Extended Data Fig. 3: Simulation experiment for the identification of pairs of read and genotype data derived from the same individuals. | Nature Microbiology

Extended Data Fig. 3: Simulation experiment for the identification of pairs of read and genotype data derived from the same individuals.

From: Reconstruction of the personal information from human genome reads in gut metagenome sequencing data

Extended Data Fig. 3: Simulation experiment for the identification of pairs of read and genotype data derived from the same individuals.

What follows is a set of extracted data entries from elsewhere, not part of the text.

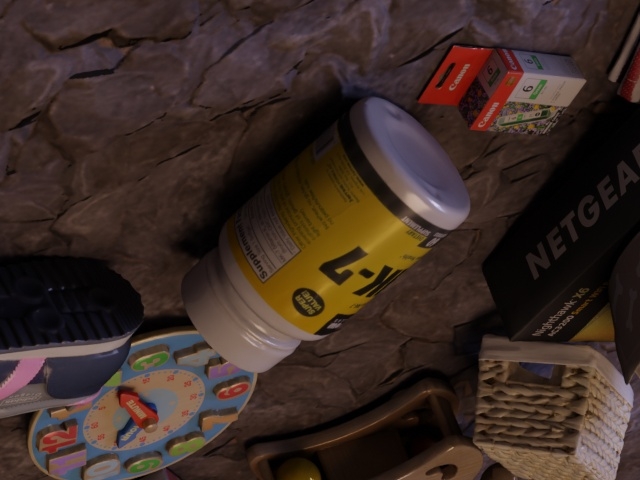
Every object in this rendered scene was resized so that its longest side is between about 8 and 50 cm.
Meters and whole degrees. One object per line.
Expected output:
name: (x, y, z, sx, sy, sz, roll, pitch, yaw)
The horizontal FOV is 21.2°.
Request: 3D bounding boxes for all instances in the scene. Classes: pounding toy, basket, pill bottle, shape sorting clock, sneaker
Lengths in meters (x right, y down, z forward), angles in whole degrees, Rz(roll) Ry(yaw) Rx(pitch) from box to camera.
pounding toy: (0.077, 0.236, 1.597, 0.269, 0.155, 0.154, -10, 147, -19)
basket: (0.213, 0.161, 1.575, 0.113, 0.103, 0.167, 5, 162, 25)
pill bottle: (0.000, 0.000, 1.282, 0.208, 0.119, 0.119, -41, 141, 23)
shape sorting clock: (-0.148, 0.144, 1.446, 0.206, 0.040, 0.206, -16, 144, -12)
sneaker: (-0.288, 0.091, 1.236, 0.319, 0.112, 0.131, 1, 135, -30)

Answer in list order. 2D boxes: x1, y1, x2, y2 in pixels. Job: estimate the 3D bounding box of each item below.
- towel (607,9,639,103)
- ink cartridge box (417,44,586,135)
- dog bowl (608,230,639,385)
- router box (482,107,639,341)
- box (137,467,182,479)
towel: (0.404, -0.206, 1.327, 0.329, 0.037, 0.237, -6, 140, -24)
ink cartridge box: (0.137, -0.113, 1.294, 0.115, 0.029, 0.063, 2, 137, -33)
dog bowl: (0.392, 0.030, 1.379, 0.348, 0.102, 0.349, -14, 151, -8)
router box: (0.321, -0.024, 1.437, 0.242, 0.081, 0.309, 2, 145, -32)
box: (-0.129, 0.311, 1.595, 0.091, 0.130, 0.170, -29, 145, 7)

a, Histograms represent the distribution of the standardized likelihood score for which the read data and genotype data originate from different samples. The blue line indicates the density plot made from the simulation results and the black line indicates the normal distribution. b, Q-Q plots representing the relationship between the observed and expected P values in the cases where the read data and genotype data originate from different samples. The red line indicates y = x. c, Scatter plots represent the relationship between the P values calculated from the background distribution of the score (Pdistribution) and P values empirically calculated with the permutation procedure (Ppermutation) for the cases where the read and genotype data originate from different samples. The red line indicates y = x. d, Re-identification from a set of genotype data based on the 175 (5 WGS data × 5 random seeds × 7 coverages) simulated read data. The x axis of the scatter plots indicates the number of the bases used for the calculation of the likelihood scores. The y axis of the scatter plots indicates the likelihood scores (left and middle) or P values (right). The results of the 17,500 tests (100 genotype data × 25 simulated data × 7 coverages) are indicated as the colour of the points. The identification of the pairs of the read and genotype data is based on the top score (left) or P values (middle and right). The distribution of the standardized likelihood score is indicated for a part of the middle plot with the stratification by whether the derivation of the simulated read data and the genotype data are the same or not. e, Re-identification from a set of genotype data based on the 105 (3 WGS data × 5 random seeds × 7 coverages) simulated read data. The three samples with the WGS data have a familial relationship as indicated. The x axis of the scatter plots indicates the number of the bases used for the calculation of the likelihood scores. The y axis of the scatter plots indicates the likelihood scores (left and middle) or P values (right). The colours of the points represent the categories of the pairs of the read data and the genotype data (left) or the result of the P value-based predictions (100 genotype data × 15 simulated data × 7 coverages = 10,500 tests). FN, false negative; FP, false positive; TN, true negative; TP, true positive.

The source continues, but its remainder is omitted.